Going around the region, none of the three Latin American heavyweights is expressing much enthusiasm. Rather more consistent in his stance than his colleague at the other end of Latin America, Mexico’s Andrés Manuel López Obrador (who is something of a regional touchstone for President Fernández) is not even going at all in protest over the invitations thus far withheld from Cuba, Nicaragua and Venezuela – also in contrast to his Argentine admirer, AMLO immediately ruled out attending any counter-summit, perhaps mindful of the huge percentage of Mexico’s half-trillion dollars of exports which crosses the northern border. Brazil’s Jair Bolsonaro, who took six weeks to recognise Biden’s election victory back in 2020 following extended allegations of fraud and makes no attempt to conceal his sympathy for Trump, hesitated over his presence until offered a bilateral meeting with the US president – in any case Bolsonaro’s importance is relative in the last year of his presidential term. The Argentine back and forth over this summit has already been described above.

And the other countries? Starting with South America’s largest Spanish-speaking population, the summit will find Colombia at the midpoint between the first and second rounds of its presidential elections, with outgoing President Iván Duque the ultimate lame duck. Peru’s Pedro Castillo lurches from one impeachment to the other at this early stage in his presidency while Chile’s even newer President Gabriel Boric is experiencing only slightly less teething troubles amid slumping popularity as more and more people see him as not only young and fresh but also raw. Like AMLO, Bolivia’s Luis Arce is shunning the summit on the grounds that if everybody is not invited, he will not go either. Only Ecuador, Paraguay and Uruguay have presidents who are both more or less comfortable at home and on board with the Los Angeles summit but they account for less than nine percent of South American trade between the three of them.
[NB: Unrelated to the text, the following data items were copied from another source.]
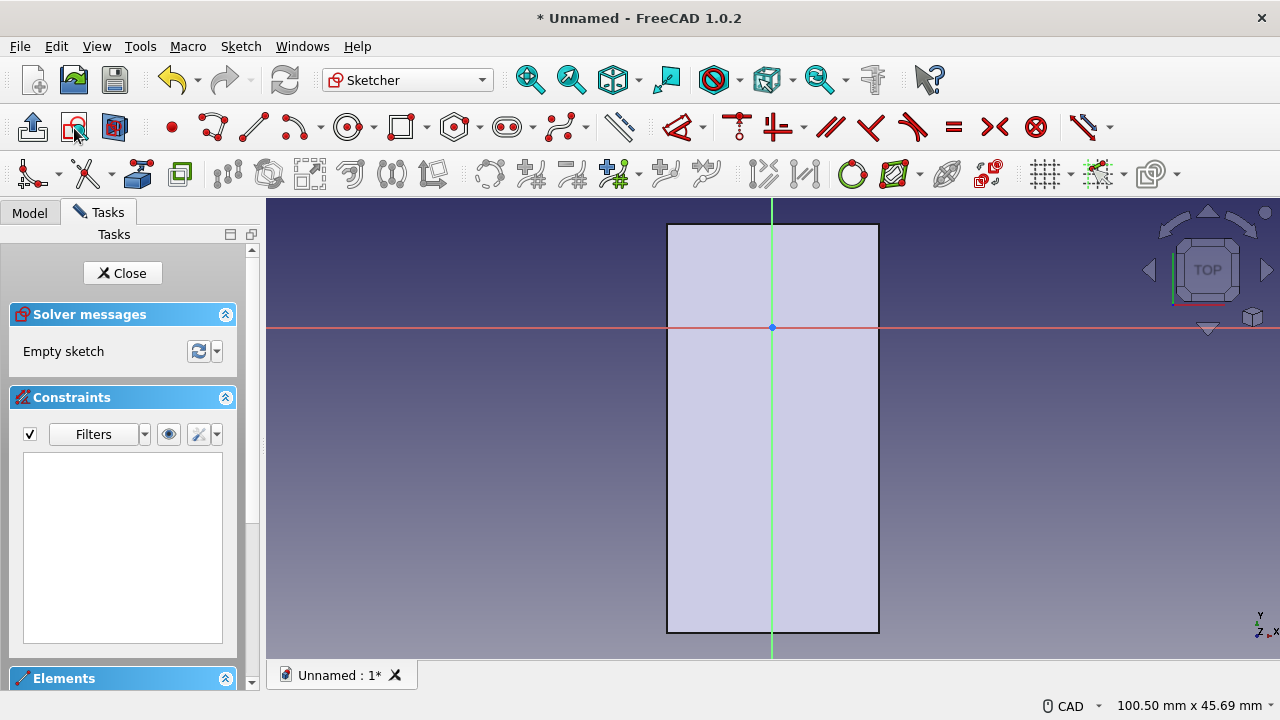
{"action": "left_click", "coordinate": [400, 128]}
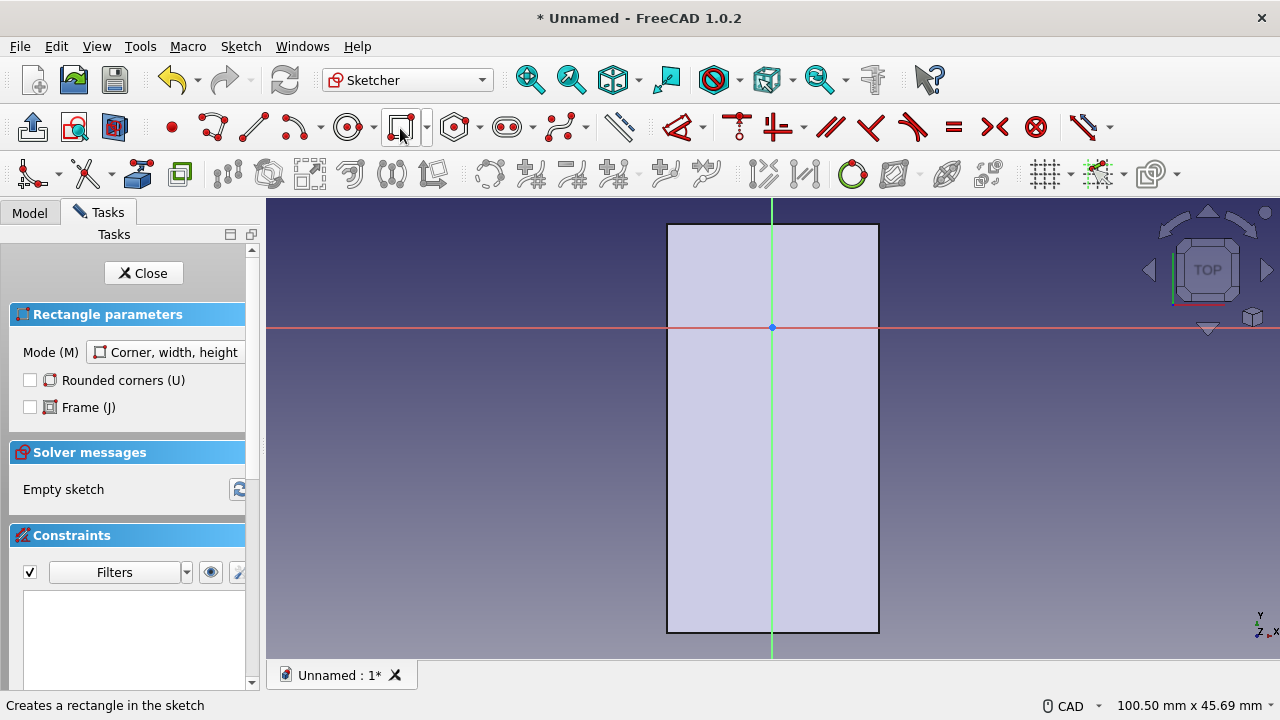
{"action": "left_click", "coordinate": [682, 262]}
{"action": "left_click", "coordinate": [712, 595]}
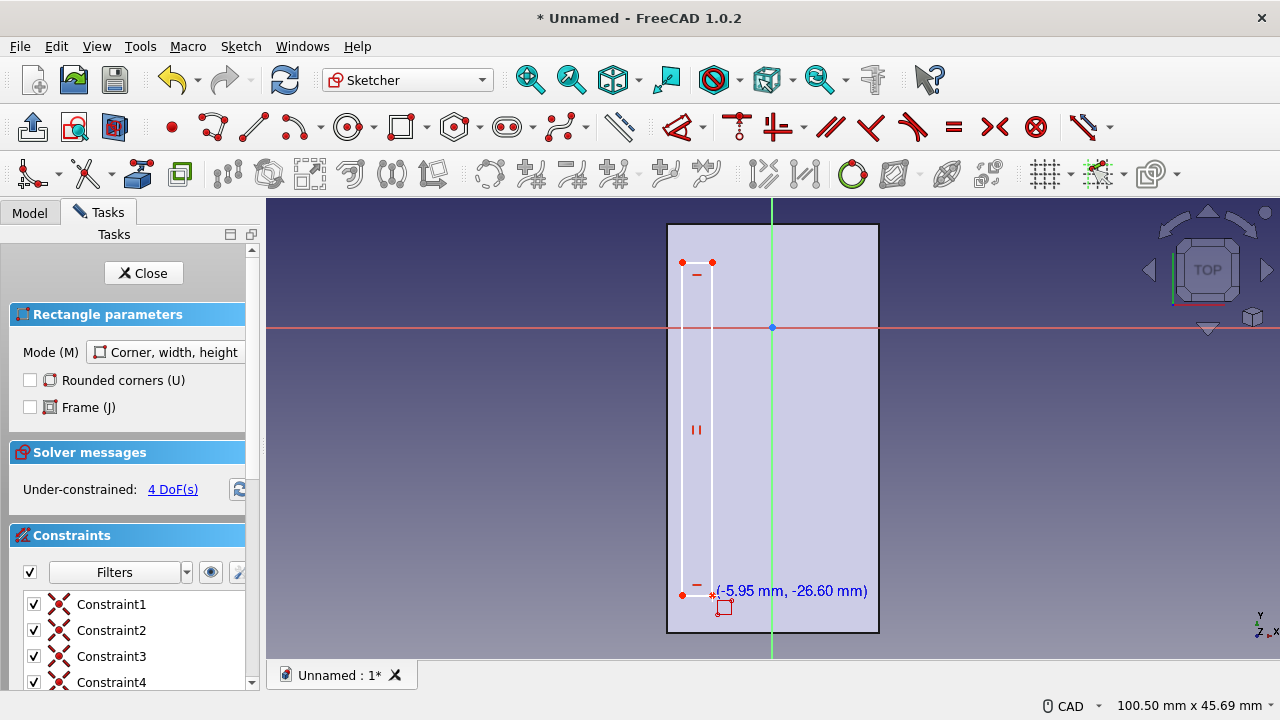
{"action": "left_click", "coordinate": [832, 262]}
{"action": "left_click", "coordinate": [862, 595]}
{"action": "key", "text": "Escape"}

The remaining 22 Central American and Caribbean countries are too numerous and too small to discuss in this space.

Now that President Fernández is finally going, it remains to be seen how active a role he plays and how he frames any protests over absent friends. The latter do not help him to take the moral high ground with both their human rights records at odds with one of the main banners of his Frente de Todos government and their alliances with Russian invader Vladimir Putin (an issue over which Fernández himself is typically ambiguous). But rather than write any Hollywood script in advance, best to wait and see what actually happens in Los Angeles.